THE DATA Start Marker

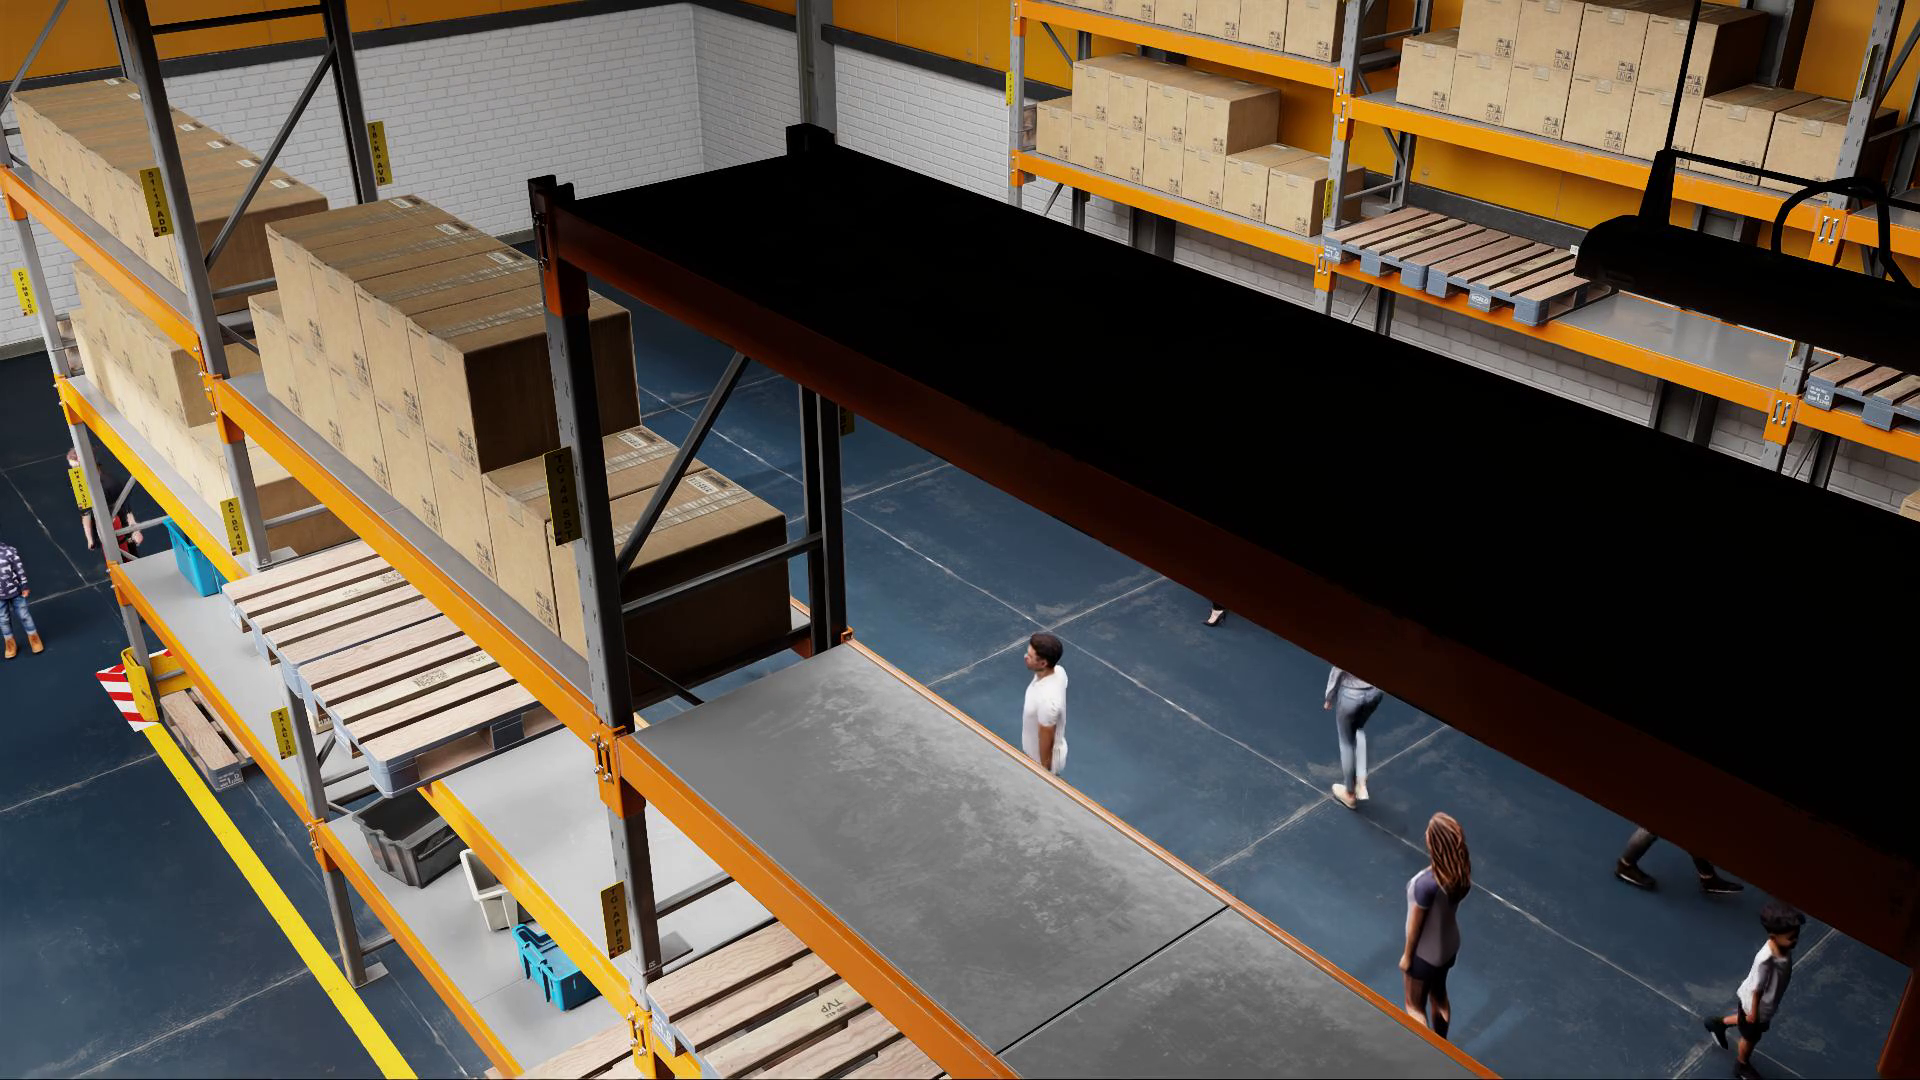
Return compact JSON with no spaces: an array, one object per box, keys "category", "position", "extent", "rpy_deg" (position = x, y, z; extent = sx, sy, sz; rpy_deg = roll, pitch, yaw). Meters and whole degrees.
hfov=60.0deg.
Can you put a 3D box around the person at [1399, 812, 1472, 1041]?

THE DATA End Marker

> _TASK OBJECTIVE_: Copy the data in full. No pictures belong in the copy.

> _SOLUTION_:
Return compact JSON with no spaces: an array, one object per box, keys "category", "position", "extent", "rpy_deg" (position = x, y, z; extent = sx, sy, sz; rpy_deg = roll, pitch, yaw). Meters and whole degrees.
hfov=60.0deg.
Can you put a 3D box around the person at [1399, 812, 1472, 1041]?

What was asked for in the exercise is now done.